One hundred years of photography in Vanity Fair

The prestigious publication selects its best images and covers througout the years to celebrate at Ivorypress a centuy in the public eye  

Madrid , 11/17/10

We are beyond an exclusive array in the Ivorypress space Art + Books Space I in Madrid: the hundred years of Vanity Fair, one of the most important publications, among other things because of its close relationship with some of the best photographers of all time, such as Steichen and Lebovitz. 

Throughout its one hundred year history, Vanity Fair has featured in its pages the most outstanding politicians, sportmen, celebrities, artists, actors and actresses of the day, always portrayed by masters of contemporary photography. The exhibition Vanity Fair 100 Years: Masters of Photography gathers more than one hundred originals and iconic covers from both periods of the publication, from 1913 to 1936, and from the beginning of its re-edition in 1983 to our times. This array will be on view from the 16th of November to the 8th of january of 2011. It includes some of the most important photographs that this magazine has published, such as the portraits by Edward Steichen of actresses suh as Gloria Swanson, Greta Garbo and marlene Dietrich or those by Annie Leibovitz of Tony Curtis and Jack Lemmon thirty six years after the making of Some like it Hot. 

The Vanity Fair team and Ivorypress with its directors in Spain, Lourdes Garzón and Antonio Sanz, have worked together on this exhibition for more than a year. The exhibition starts of with the collection of photographs of the publication through a selection made by the director of new projects of Condé Nast-Vanity Fair's publishing group- and the curator of the exhibition, Debra Smith.

Part of the originals that compose this array have already been exhibited in the National Portrait Gallery in London in 2008 and others-such as the instant shots that Helmut Newton took pf Sigourney Weaver in 1995 or James Cagney portrait captured by Imogen Cunningham in 1932-will be put on view for the first time for the European public. "It is a unique opportunity since certain works by key figures of photography from the twenty-first and twentieth century can be seen in our country for the first time", points out Elena Ochoa, founder and CEO of Ivorypress. 

"The status of a work of art that photography has nowdays is a phenomenon that has developed in the last forty years", explains Elena Ochoa. "The works of the creators that can be seen at the exhibit- nowdays considered masters and highly valued by the art market-, were not completed to be exhibited in museums or art galleries, but comissioned by Vanity Fair to accompany short articles on a certain person or experience".   

The two Vanity Fair periods have many simmilarities. "The flag appeared in the twenties- becoming the cultural reference of the Jazz Age- and then reappeared at the beginning of the eighties, epitomizing the modern and the trendy" explains Debra Smith. Therefore, the exhibition incorporates a significant percentage of photographs from the dancing and musical world, specially in the first period, such as the one of Maurice Chevalier taken by Steichen in 1929 or the one of Jean Barry, taken in 1931 by Hoynigen-Huené.

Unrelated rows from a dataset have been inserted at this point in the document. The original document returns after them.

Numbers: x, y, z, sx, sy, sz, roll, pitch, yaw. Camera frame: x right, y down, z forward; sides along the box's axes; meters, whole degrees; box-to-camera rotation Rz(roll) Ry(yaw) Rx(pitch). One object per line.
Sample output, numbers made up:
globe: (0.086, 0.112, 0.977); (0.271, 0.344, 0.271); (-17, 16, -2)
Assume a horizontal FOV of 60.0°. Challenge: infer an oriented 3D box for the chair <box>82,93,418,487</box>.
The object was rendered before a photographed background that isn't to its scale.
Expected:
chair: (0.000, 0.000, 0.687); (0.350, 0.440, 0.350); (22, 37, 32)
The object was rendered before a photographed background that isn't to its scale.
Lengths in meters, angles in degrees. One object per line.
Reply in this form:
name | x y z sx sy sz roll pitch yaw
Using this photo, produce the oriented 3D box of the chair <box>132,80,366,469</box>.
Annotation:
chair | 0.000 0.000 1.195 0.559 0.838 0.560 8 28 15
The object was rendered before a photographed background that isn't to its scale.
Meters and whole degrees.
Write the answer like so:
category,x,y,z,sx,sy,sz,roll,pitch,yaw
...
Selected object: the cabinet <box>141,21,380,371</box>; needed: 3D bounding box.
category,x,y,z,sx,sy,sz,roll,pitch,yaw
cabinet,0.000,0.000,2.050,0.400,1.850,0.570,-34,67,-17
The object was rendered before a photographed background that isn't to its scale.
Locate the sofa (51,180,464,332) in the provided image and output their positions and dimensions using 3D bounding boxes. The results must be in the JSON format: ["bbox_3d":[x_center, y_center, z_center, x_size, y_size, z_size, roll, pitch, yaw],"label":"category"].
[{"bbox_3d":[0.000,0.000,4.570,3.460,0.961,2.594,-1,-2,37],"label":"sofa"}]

In the contemporary period, the masters of photography that have worked for this magazine, have followed the art world closely, both plastic and theatrical, as well as politics and the latest gossip. Proof of it are images such as the one of the painter Willem de Kooning, taken by Irving Penn or the portrait of Balthus and his wife taken by Bruce Weber, that are also in the exhibition. 

The same guidelines have been followedb by the Spanish edition of Vanity Fair, which in its almost three years of history, has published works by renown contemporary photographers. Like in the case of Annie Leibovitz, who in 2007 captured, in the intimacy of the dressing room, Penélope Cruz and Pedro Almodóvar, or the portrait of Scarlet Johansson and Javier Bardem, taken in 2008 by Norman Jean Roy, which made the actors the subjects of a new version of Hitchcock's Rear Window. 

"Vanity Fair has created a recognizable style, which many other publications have tried to imitate", confirms Elena Ochoa, "providing a new vision in the photographic medium both for the cultured public and the amateur".